Bears know how to judge Grossman
The current pot bubbleth with Bear meat:
• • The main Super Bowl story line is that Bears quarterback Rex Grossman is to Colts quarterback Peyton Manning as a head louse is to a halo.
This amuses many Bears.
Particularly wide receiver Rashied Davis, whose game-breaking link-ups with Grossman are things of beauty.
''I mean, he wins games for us,'' Davis said. ''I don't know how you win games for us when you're the worst quarterback in the history of the world.''
• • If anyone wants a snapshot of the hypocrisy of big-time college football -- a sport played under not-for-profit guidelines with unpaid labor -- look at this:
New Alabama coach Nick Saban makes three times as much as the for-profit, possibly-world-champion Bears coach, Lovie Smith.

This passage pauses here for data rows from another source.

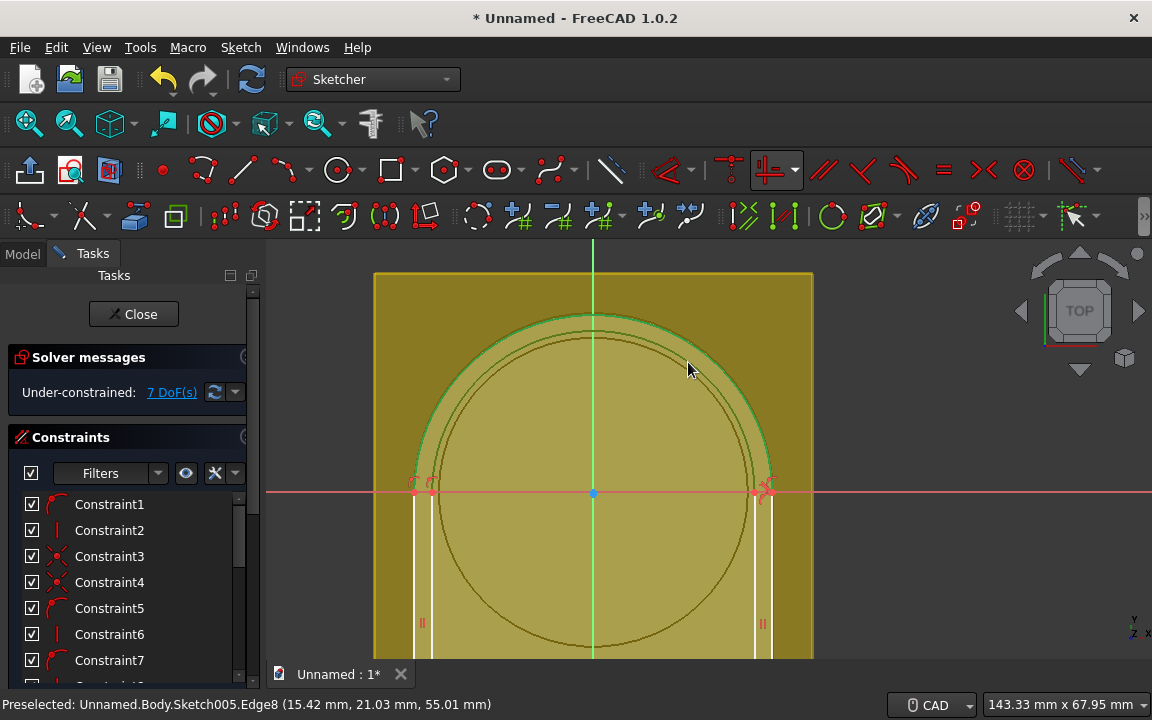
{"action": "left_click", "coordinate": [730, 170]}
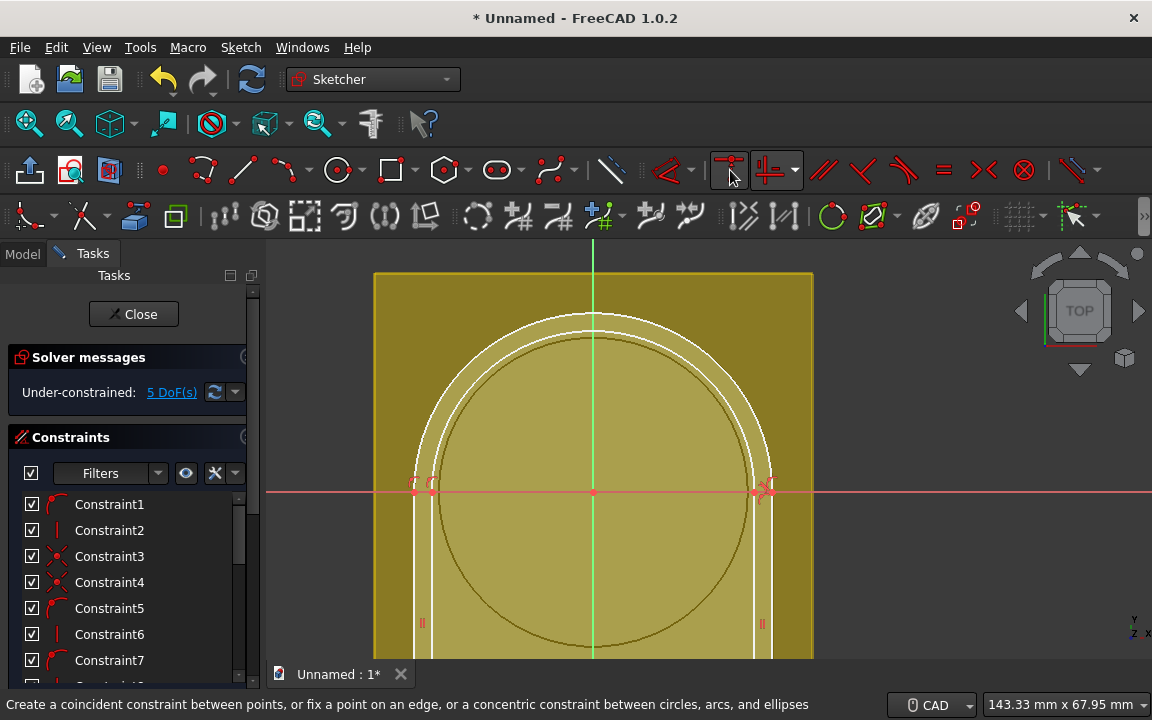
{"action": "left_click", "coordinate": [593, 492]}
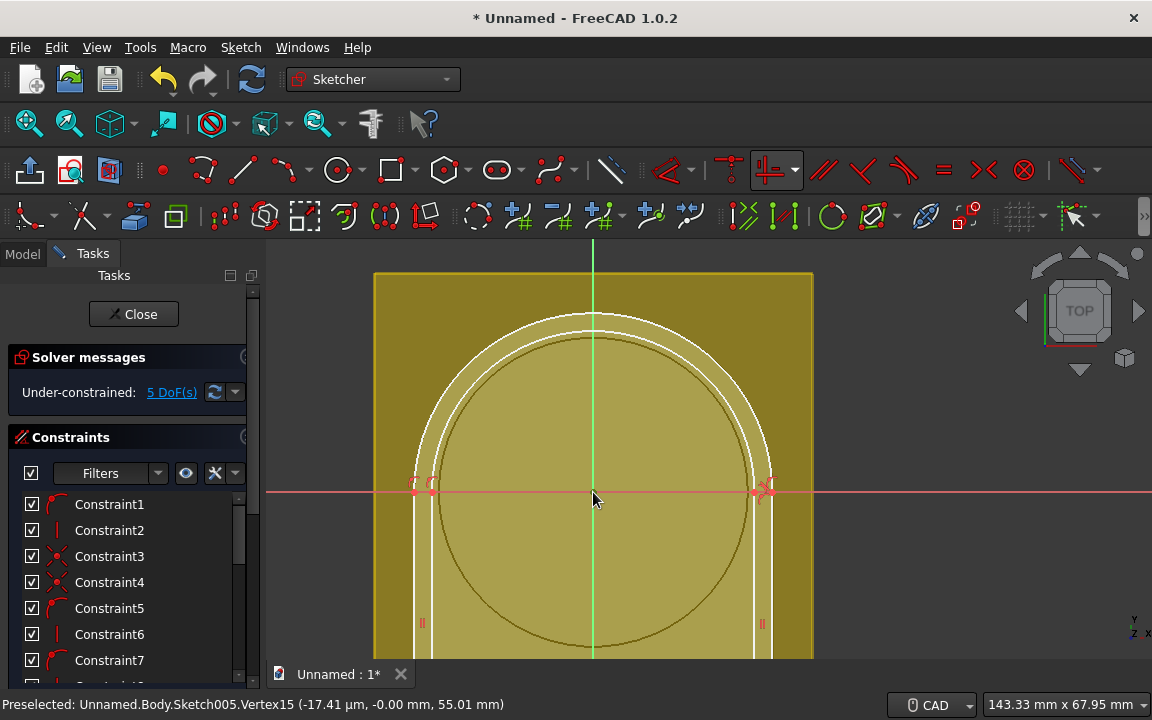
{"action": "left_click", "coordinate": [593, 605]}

• • Did anyone else notice last Sunday vs. the Saints that Bears middle linebacker Brian Urlacher actually lined up for one play as -- serious here -- a cornerback?
No. 54 followed his keys and before the ball was snapped he was alone in a crouched position on the far right side in the Bears secondary.
''Yeah, I remember that,'' said Bears dinky and authentic cornerback Nate Vasher, who has never lined up as middle linebacker. ''Unbelievable, huh?''
Is the old scribe missing something here?
''No, that's him,'' Vasher said. ''That's Brian. Doing above and beyond what he's supposed to do in this defense.''
A 258-pound cornerback. It makes one woozy.
''The safety could have gone over there,'' Vasher continues. ''But if Brian wants to go out and line up at corner, let him line up at corner. I know what he's like in pass coverage. I think we were in man coverage. I think one of the safeties was supposed to adjust out. But Brian went out there. We have an athletic team.''
Ya think?
• • The radio station in Sacramento, Calif., that held the water-drinking contest two weeks ago, which proved fatal for a 28-year-old female contestant, has been sued for negligence along with dozens of its employees.
It really is a tragic occurrence.
But it shows people don't have much of a clue about water.
There have been water poisoning deaths before.
And there have been many sports deaths from dehydration.
But few people know how heavy water is: 8.35 pounds per gallon.
The woman who died in the radio contest, Jennifer Strange (like the others, she was hoping to win a videogame console), chugged almost two gallons, nearly 16 pounds.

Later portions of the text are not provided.